Indonesian army general

Nugroho Septijantono (born 25 September 1967) is an Indonesian army general who is currently serving as the Chief of the Army Information and Data Processing Service. He served in the position since 23 May 2023. He began his assignment at the 741th Infantry Battalion and was rotated to various military units, including the Indonesian Army Command and General Staff College and the Army History Service.

== Career ==
Nugroho Septijantono was born on 25 September 1967 in Bandung. He graduated from the Indonesian Military Academy in 1992. He began his career at the 741th Infantry Battalion as a platoon commander, during which he met with future army chief of staff, Dudung Abdurachman. He was then transferred to the Kuta Military Sub-District Command and the Indonesian Army Command and General Staff College.

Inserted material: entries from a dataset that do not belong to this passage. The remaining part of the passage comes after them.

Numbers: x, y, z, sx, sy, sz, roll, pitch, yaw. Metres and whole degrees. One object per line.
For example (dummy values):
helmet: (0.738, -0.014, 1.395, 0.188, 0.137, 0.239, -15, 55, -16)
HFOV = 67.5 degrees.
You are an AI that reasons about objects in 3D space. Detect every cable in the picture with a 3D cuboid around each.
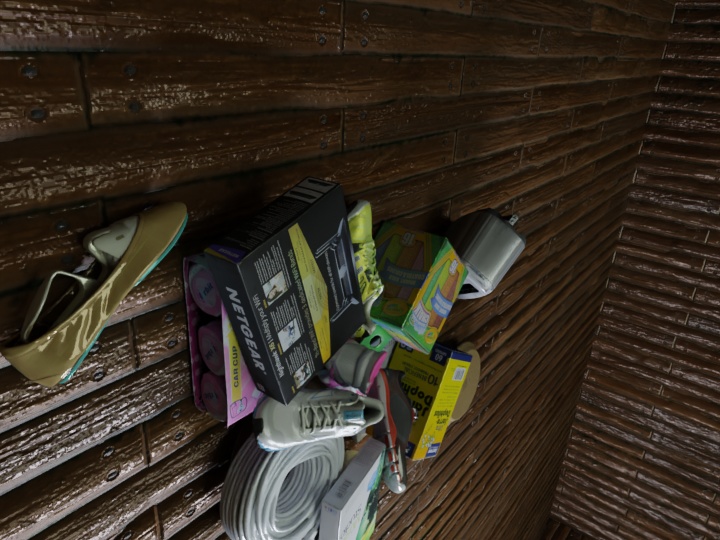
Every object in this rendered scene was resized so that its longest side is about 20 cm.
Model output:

Upon completing advanced military education at the Indonesian Army Command and General Staff College in 2012, Nugroho was appointed as senior assistant officer for social communication in the army headquarters. After a year, Nugroho was appointed as the commander of the headquarters detachment in the Pattimura Regional Military Command. He was relieved from the position on 21 November 2016 and was transferred to the Merdeka Regional Military Command in North Sulawesi as its chief of information and data processing department. He received a promotion to the rank of colonel on 1 April 2017.

Nugroho ended his stint in the regional military command on 1 November 2018. He was stationed at the Army Information and Data Processing Service as the chief of the operations information management sub-service. He was briefly stationed at the Army History Service as the chief of the functions management sub-service before returning to the Army Information and Data Processing Service as secretary.

On 23 May 2023, Nugroho was installed as the Chief of the Army Information and Data Processing Service. He was promoted to the rank of brigadier general on 5 June. After serving for two years, on 30 September 2025 a decree by the armed forces commander assigned Nugroho to the army headquarters as a flag officer preparing for retirement.